You’ve got a lot of nerve walking in here after the way you spoke to me last time.
There’s a head scratcher for sure. With the same phrase, you can compliment and denigrate. The only difference is intent, and of course, reception. I feel like I’ve had a lot of nerve at work the last couple weeks, but I’m guessing a lot of people at work just think I’ve got a lot of nerve.
Know what I mean?
And therein is the reason I love words, the reason I love language, the reason I love writing.
I mentioned to a friend last week that I would be an excellent technical writer, and many friends and coworkers over the years have commented on my ability to write up instructions with order and clarity. And it’s true, even if I have to say so myself. I know how to use the language to say exactly what needs to be said to get to a preferred outcome. I’m a teacher at heart, and I love the challenge of making things clear and understood with language (and sometimes I use pictures and screenshots – lots of different kinds of learners out there).
But I’m also an artist. Primarily, I’m a musician, but of late I have taken to using words and language as art as well. This takes me to the opposite end of the spectrum of language usage from the technical writer. As a creative writer or poet, I’m seeking to do something completely different with words. I no longer WANT to tell you exactly what to think or do. I want to send the reader’s mind and heart in many different directions, hopefully even different directions than what drove the words in the first place. I seek a universality of application. One friend (the one I told I thought I’d make an excellent technical writer, interestingly enough) says this kind of writing “obfuscates”. I know I’ve got a lot of nerve to say this, but WRONG. Obfuscation implies an intention to make things more difficult to understand. Unintelligible on purpose. I (and I think most artistic writers would agree) have no intention of being unintelligible. What’s the point in that?
But, having said that, you need the other side of the communication equation. As I said earlier when first mentioning “a lot of nerve“, you have intent, and then you have reception. I don’t intend to be unintelligible, but perhaps my words processed through another’s brain mean nothing. That’s frustrating to me but also completely beyond my control.

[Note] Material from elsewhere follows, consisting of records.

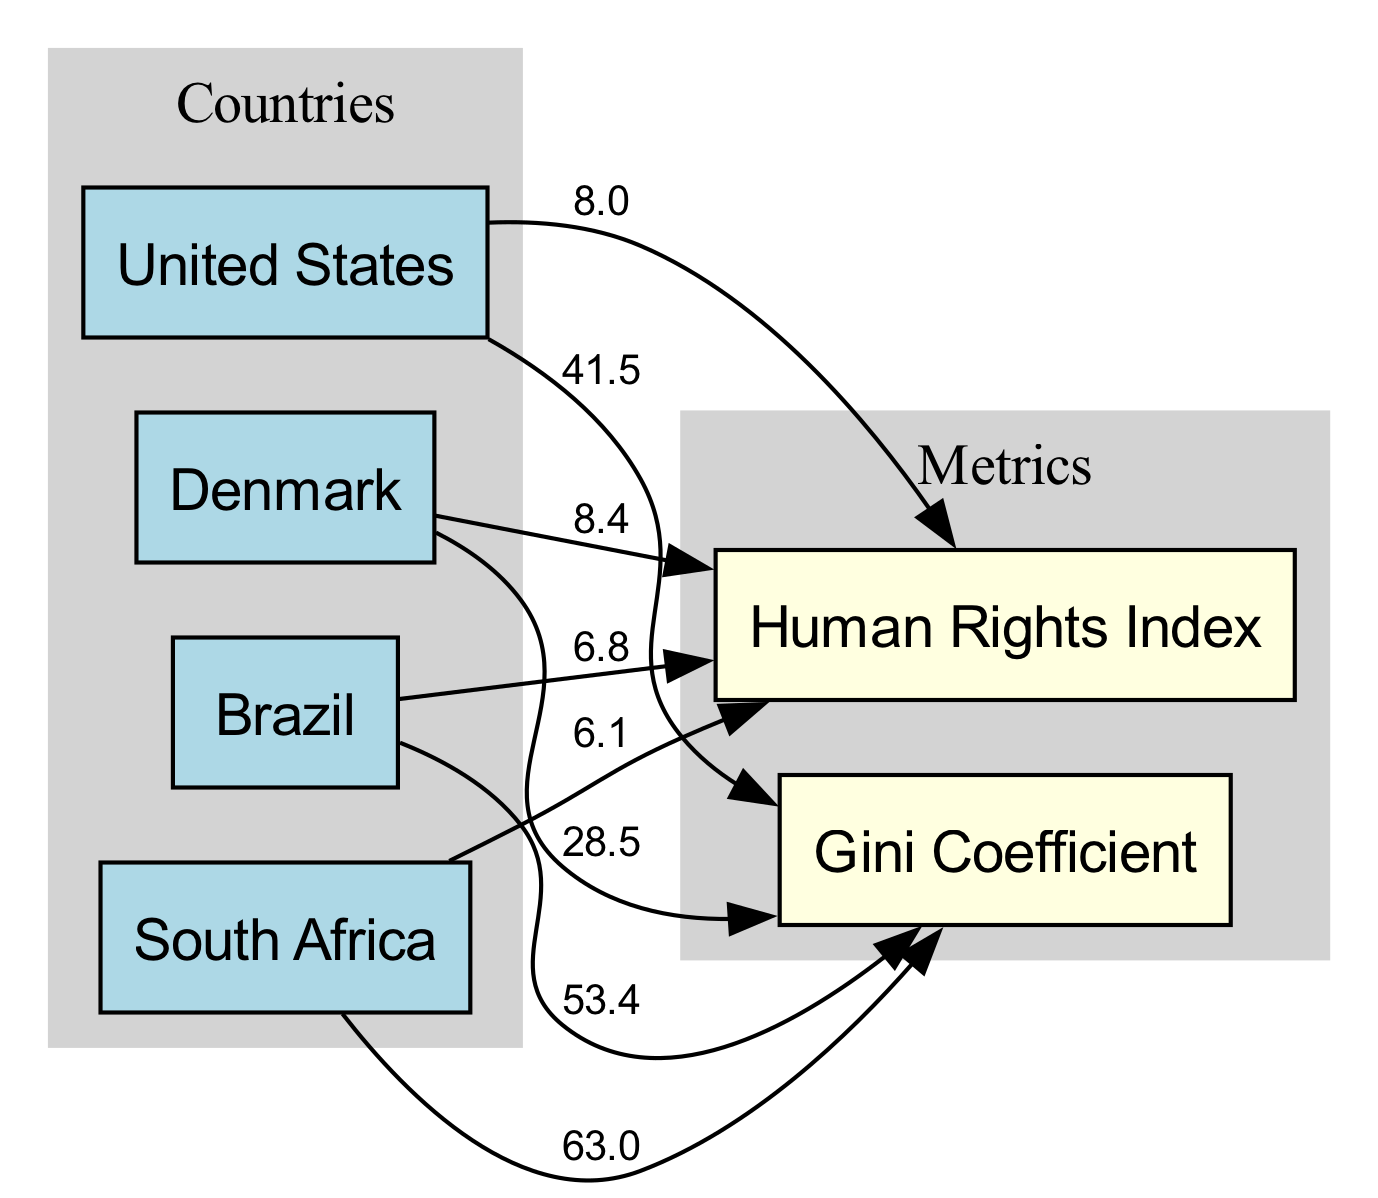What is the Gini Coefficient for Denmark? The diagram displays Denmark's Gini Coefficient directly connected with a label showing the value. I find the label next to Denmark pointing to the Gini Coefficient, which states that it is 28.5.
Answer: 28.5 What is the Human Rights Index of Brazil? The diagram shows a direct connection from Brazil to the Human Rights Index, which is associated with the label. On checking this edge, I find that the label associated with Brazil's Human Rights Index reads 6.8.
Answer: 6.8 Which country has the highest Gini Coefficient? To determine which country has the highest Gini Coefficient, I examine the Gini Coefficient values for all the countries connected to this metric. South Africa has the highest value of 63.0, hence it is identified as having the highest Gini Coefficient.
Answer: South Africa What is the relationship between the Gini Coefficient and the Human Rights Index for the United States? The diagram illustrates both the Gini Coefficient and the Human Rights Index for the United States. I see that the Gini Coefficient is 41.5 while the Human Rights Index is 8.0. This shows that as the Gini Coefficient increases, the Human Rights Index is lower, indicating a potential inverse relationship.
Answer: Gini Coefficient: 41.5, Human Rights Index: 8.0 How many countries are represented in the diagram? The diagram contains nodes that represent specific countries. By counting the nodes designated as countries, I find that there are four countries present in the diagram: United States, Denmark, Brazil, and South Africa.
Answer: 4 Which country shows the strongest Human Rights Index? Looking closely at the edges linking countries to the Human Rights Index, I identify the values for each country. Denmark is shown to have the highest Human Rights Index value of 8.4, making it the strongest in this context.
Answer: Denmark What is the Gini Coefficient for South Africa? The diagram directly connects South Africa to the Gini Coefficient and includes a label specifically for this value. Upon checking, I see that the Gini Coefficient for South Africa is labeled as 63.0.
Answer: 63.0 Is there a correlation between Gini Coefficient and Human Rights Index in the diagram? To assess the correlation, I compare the Gini Coefficient values with the corresponding Human Rights Index values for all countries depicted. I can see that countries with higher Gini Coefficient values generally tend to have lower Human Rights Index scores, indicating a potential negative correlation.
Answer: Yes, negative correlation

Take the visual arts for example. I honestly have NO IDEA what Jackson Pollock’s “intent” was when he got up on a ladder and dribbled paint all over a room-sized canvas. I don’t find it particularly moving or meaningful. Others find it pure genius. Why? I don’t know. Different strokes for different folks? Maybe it’s that simple. I think a lot of it comes down to our wiring. Some people just NEED things to be a certain way in order to understand and enjoy. Some people NEED the realism of a 19th century Millet painting to appreciate the effort of pigment on canvas. Some people NEED to read academic journals and technical manuals in order to understand “life”. Others (believe it or not) like to look into the abstract, into the unclear, and extract meaning for themselves in order to experience “life” in a different way. It doesn’t make them pretentious (necessarily – but that’s a different essay); it just makes them different.


And as an Arby’s ad once said, “Different is good”.
Then you have some of us who are cursed/blessed with the ability to see, understand, and appreciate more of the spectrum. We’re not “straddling the center” (well, maybe I was for a while, but again, a different essay), we’re just living along a wider piece of what is and isn’t “art”, what is and isn’t “understandable”, what is and isn’t “beautiful”, what is and isn’t… “right”?
It’s a dangerous place to live in a world that’s filled with one “side” or the other. I often find myself unaccepted and unappreciated by either of the “camps”. See what I just said there? Side, Camps. Why the need to separate? Why the need to cordon off your reality from mine? Why the need to pitch my “camp” on this “side”?
This has been a super hard “stream of consciousness”. I’ve wanted to go back and edit and/or elaborate multiple times. I hope along the line someplace I made some sense. Or, I hope I made no sense at all and you just found it a beautiful string of words and sentences. Or, I hope you can hate it altogether, and I can be “OK” with that.
I know, I’ve got a lot of nerve.
But then, I’ve got a lot of nerve.
#SoCS (Saturday Stream of Consciousness) comes from the website of Linda G. Hill.
Today’s word was “Nerve“
Here are the rules:
1. Your post must be stream of consciousness writing, meaning no editing (typos can be fixed), and minimal planning on what you’re going to write.
2. Your post can be as long or as short as you want it to be. One sentence – one thousand words. Fact, fiction, poetry – it doesn’t matter. Just let the words carry you along until you’re ready to stop.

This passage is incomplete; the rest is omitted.